Assessment and permitted materials

Assessment
Attendance: You may miss one (double) session for any reason. Missing two or more sessions will result in a failing grade.

* active participation by visible contributions to the class
* 20% one oral input in class (timeline: your schedule with milestones)
* 20% two shorter assignments (half page: What will you do in your paper?; Current challenges)
* 50% a seminar paper before or on 15 February 2019 (early hand-in encouraged!)

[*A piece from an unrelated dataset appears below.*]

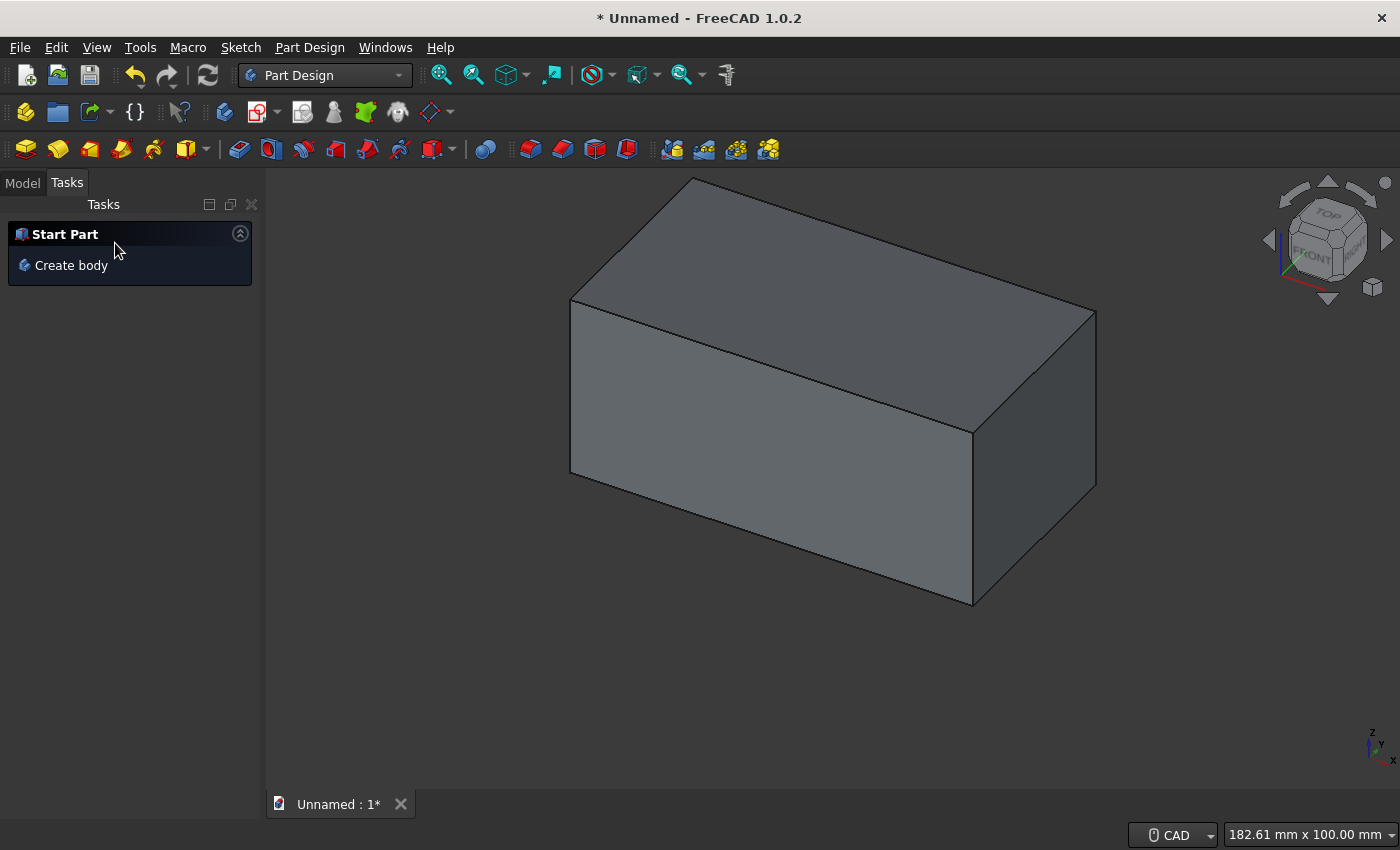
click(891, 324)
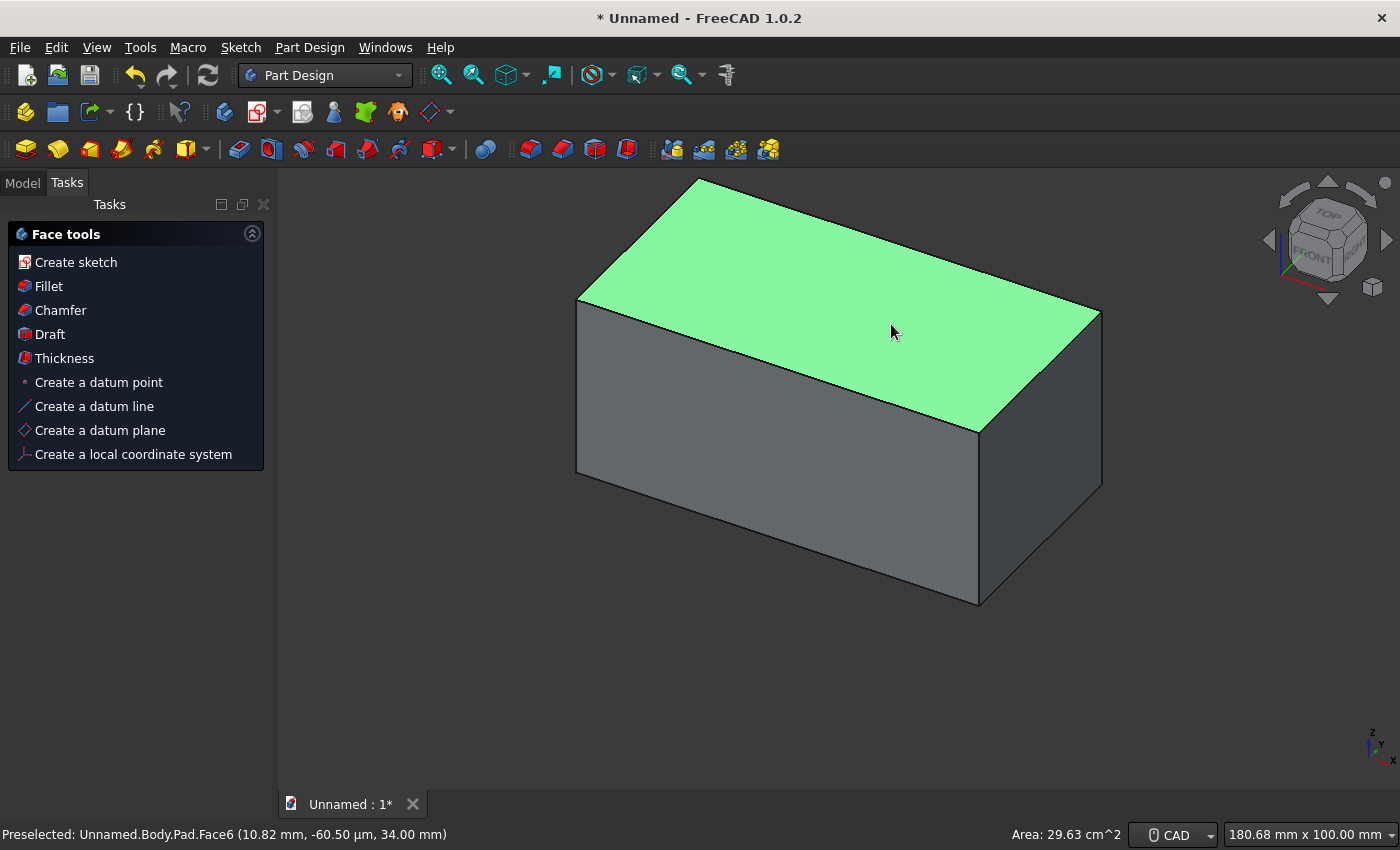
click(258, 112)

Minimum requirements and assessment criteria

Grading
* Assignments are only accepted within the deadline, simply for logistical reasons. Timely submission – early submission recommended! – is the basis for receiving a grade.
* A passing grade for the seminar paper is mandatory to pass this course.
* Having done the work (reading and thinking) is the prerequisite for our class. Students can speak to content and go beyond it by voicing their critical comments and objections to the argument, by making connections to other readings in or outside of class, etc.
* Submitted work represents the result of diligent thinking on the basis of the literature, the class discussions and, most importantly, students’ own critical and well-reasoned argument. The intellectual achievement is in structuring those thoughts and contents in a narrative that unfolds on the page for any informed reader to understand. It includes the use of terminology and concepts, and both support and criticism of one’s own argument.

Examination topics

Reading list

Koretz, D. (2017). The Testing Charade. Chicago: University of Chicago Press.
Tyler, R. (1994). What schools are for. Indiana: Phi Delta Kappa Educational Foundation.
Rosenberger, R. (2014). How cities use design to drive homeless people away. The Atlantic.
Samaha, A. (2018). The kids who still need football. New York Times.
Stanford Encyclopedia on concepts and terminology
Salmen, C. Becks, S. (2018). Happily standardized ever after? Pedagogical alternatives to standardizing exams. Independence. Vienna: IATEFL.
Tröhler, D. (2015). The medicalization of current educational research and its effects of education policy and school reforms. Discourse: Studies in the Cultural Politics of Education, 36(5), 749-764. Tyler&Francis.